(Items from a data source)
···

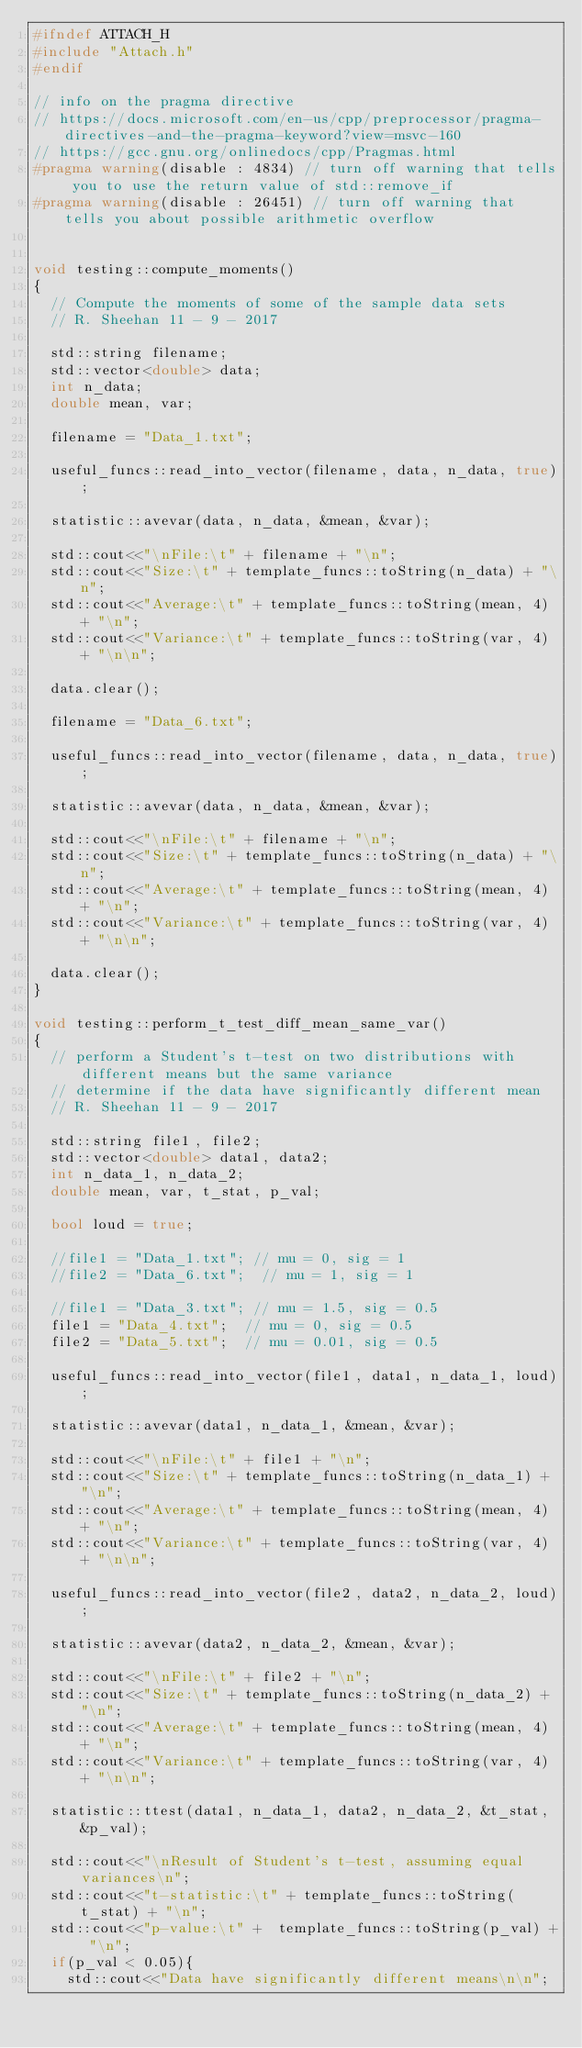Convert code to text. <code><loc_0><loc_0><loc_500><loc_500><_C++_>#ifndef ATTACH_H
#include "Attach.h"
#endif

// info on the pragma directive
// https://docs.microsoft.com/en-us/cpp/preprocessor/pragma-directives-and-the-pragma-keyword?view=msvc-160
// https://gcc.gnu.org/onlinedocs/cpp/Pragmas.html
#pragma warning(disable : 4834) // turn off warning that tells you to use the return value of std::remove_if
#pragma warning(disable : 26451) // turn off warning that tells you about possible arithmetic overflow


void testing::compute_moments()
{
	// Compute the moments of some of the sample data sets
	// R. Sheehan 11 - 9 - 2017

	std::string filename; 
	std::vector<double> data;
	int n_data; 
	double mean, var;

	filename = "Data_1.txt";  
	
	useful_funcs::read_into_vector(filename, data, n_data, true); 

	statistic::avevar(data, n_data, &mean, &var);

	std::cout<<"\nFile:\t" + filename + "\n"; 
	std::cout<<"Size:\t" + template_funcs::toString(n_data) + "\n"; 
	std::cout<<"Average:\t" + template_funcs::toString(mean, 4) + "\n"; 
	std::cout<<"Variance:\t" + template_funcs::toString(var, 4) + "\n\n"; 

	data.clear(); 

	filename = "Data_6.txt"; 
	
	useful_funcs::read_into_vector(filename, data, n_data, true); 

	statistic::avevar(data, n_data, &mean, &var);

	std::cout<<"\nFile:\t" + filename + "\n"; 
	std::cout<<"Size:\t" + template_funcs::toString(n_data) + "\n"; 
	std::cout<<"Average:\t" + template_funcs::toString(mean, 4) + "\n"; 
	std::cout<<"Variance:\t" + template_funcs::toString(var, 4) + "\n\n"; 

	data.clear(); 
}

void testing::perform_t_test_diff_mean_same_var()
{
	// perform a Student's t-test on two distributions with different means but the same variance
	// determine if the data have significantly different mean
	// R. Sheehan 11 - 9 - 2017

	std::string file1, file2; 
	std::vector<double> data1, data2;
	int n_data_1, n_data_2;
	double mean, var, t_stat, p_val; 

	bool loud = true; 

	//file1 = "Data_1.txt"; // mu = 0, sig = 1
	//file2 = "Data_6.txt";  // mu = 1, sig = 1

	//file1 = "Data_3.txt"; // mu = 1.5, sig = 0.5
	file1 = "Data_4.txt";  // mu = 0, sig = 0.5
	file2 = "Data_5.txt";  // mu = 0.01, sig = 0.5

	useful_funcs::read_into_vector(file1, data1, n_data_1, loud);

	statistic::avevar(data1, n_data_1, &mean, &var);

	std::cout<<"\nFile:\t" + file1 + "\n"; 
	std::cout<<"Size:\t" + template_funcs::toString(n_data_1) + "\n"; 
	std::cout<<"Average:\t" + template_funcs::toString(mean, 4) + "\n"; 
	std::cout<<"Variance:\t" + template_funcs::toString(var, 4) + "\n\n";

	useful_funcs::read_into_vector(file2, data2, n_data_2, loud);

	statistic::avevar(data2, n_data_2, &mean, &var);

	std::cout<<"\nFile:\t" + file2 + "\n"; 
	std::cout<<"Size:\t" + template_funcs::toString(n_data_2) + "\n"; 
	std::cout<<"Average:\t" + template_funcs::toString(mean, 4) + "\n"; 
	std::cout<<"Variance:\t" + template_funcs::toString(var, 4) + "\n\n";

	statistic::ttest(data1, n_data_1, data2, n_data_2, &t_stat, &p_val);

	std::cout<<"\nResult of Student's t-test, assuming equal variances\n";
	std::cout<<"t-statistic:\t" + template_funcs::toString(t_stat) + "\n"; 
	std::cout<<"p-value:\t" +  template_funcs::toString(p_val) + "\n"; 
	if(p_val < 0.05){
		std::cout<<"Data have significantly different means\n\n";</code>

···

- [What this task involves]
When you give the entries again, keep them exact and omit any picture they contain.

- [Output for this task]
Convert code to text. <code><loc_0><loc_0><loc_500><loc_500><_C++_>#ifndef ATTACH_H
#include "Attach.h"
#endif

// info on the pragma directive
// https://docs.microsoft.com/en-us/cpp/preprocessor/pragma-directives-and-the-pragma-keyword?view=msvc-160
// https://gcc.gnu.org/onlinedocs/cpp/Pragmas.html
#pragma warning(disable : 4834) // turn off warning that tells you to use the return value of std::remove_if
#pragma warning(disable : 26451) // turn off warning that tells you about possible arithmetic overflow


void testing::compute_moments()
{
	// Compute the moments of some of the sample data sets
	// R. Sheehan 11 - 9 - 2017

	std::string filename; 
	std::vector<double> data;
	int n_data; 
	double mean, var;

	filename = "Data_1.txt";  
	
	useful_funcs::read_into_vector(filename, data, n_data, true); 

	statistic::avevar(data, n_data, &mean, &var);

	std::cout<<"\nFile:\t" + filename + "\n"; 
	std::cout<<"Size:\t" + template_funcs::toString(n_data) + "\n"; 
	std::cout<<"Average:\t" + template_funcs::toString(mean, 4) + "\n"; 
	std::cout<<"Variance:\t" + template_funcs::toString(var, 4) + "\n\n"; 

	data.clear(); 

	filename = "Data_6.txt"; 
	
	useful_funcs::read_into_vector(filename, data, n_data, true); 

	statistic::avevar(data, n_data, &mean, &var);

	std::cout<<"\nFile:\t" + filename + "\n"; 
	std::cout<<"Size:\t" + template_funcs::toString(n_data) + "\n"; 
	std::cout<<"Average:\t" + template_funcs::toString(mean, 4) + "\n"; 
	std::cout<<"Variance:\t" + template_funcs::toString(var, 4) + "\n\n"; 

	data.clear(); 
}

void testing::perform_t_test_diff_mean_same_var()
{
	// perform a Student's t-test on two distributions with different means but the same variance
	// determine if the data have significantly different mean
	// R. Sheehan 11 - 9 - 2017

	std::string file1, file2; 
	std::vector<double> data1, data2;
	int n_data_1, n_data_2;
	double mean, var, t_stat, p_val; 

	bool loud = true; 

	//file1 = "Data_1.txt"; // mu = 0, sig = 1
	//file2 = "Data_6.txt";  // mu = 1, sig = 1

	//file1 = "Data_3.txt"; // mu = 1.5, sig = 0.5
	file1 = "Data_4.txt";  // mu = 0, sig = 0.5
	file2 = "Data_5.txt";  // mu = 0.01, sig = 0.5

	useful_funcs::read_into_vector(file1, data1, n_data_1, loud);

	statistic::avevar(data1, n_data_1, &mean, &var);

	std::cout<<"\nFile:\t" + file1 + "\n"; 
	std::cout<<"Size:\t" + template_funcs::toString(n_data_1) + "\n"; 
	std::cout<<"Average:\t" + template_funcs::toString(mean, 4) + "\n"; 
	std::cout<<"Variance:\t" + template_funcs::toString(var, 4) + "\n\n";

	useful_funcs::read_into_vector(file2, data2, n_data_2, loud);

	statistic::avevar(data2, n_data_2, &mean, &var);

	std::cout<<"\nFile:\t" + file2 + "\n"; 
	std::cout<<"Size:\t" + template_funcs::toString(n_data_2) + "\n"; 
	std::cout<<"Average:\t" + template_funcs::toString(mean, 4) + "\n"; 
	std::cout<<"Variance:\t" + template_funcs::toString(var, 4) + "\n\n";

	statistic::ttest(data1, n_data_1, data2, n_data_2, &t_stat, &p_val);

	std::cout<<"\nResult of Student's t-test, assuming equal variances\n";
	std::cout<<"t-statistic:\t" + template_funcs::toString(t_stat) + "\n"; 
	std::cout<<"p-value:\t" +  template_funcs::toString(p_val) + "\n"; 
	if(p_val < 0.05){
		std::cout<<"Data have significantly different means\n\n";</code>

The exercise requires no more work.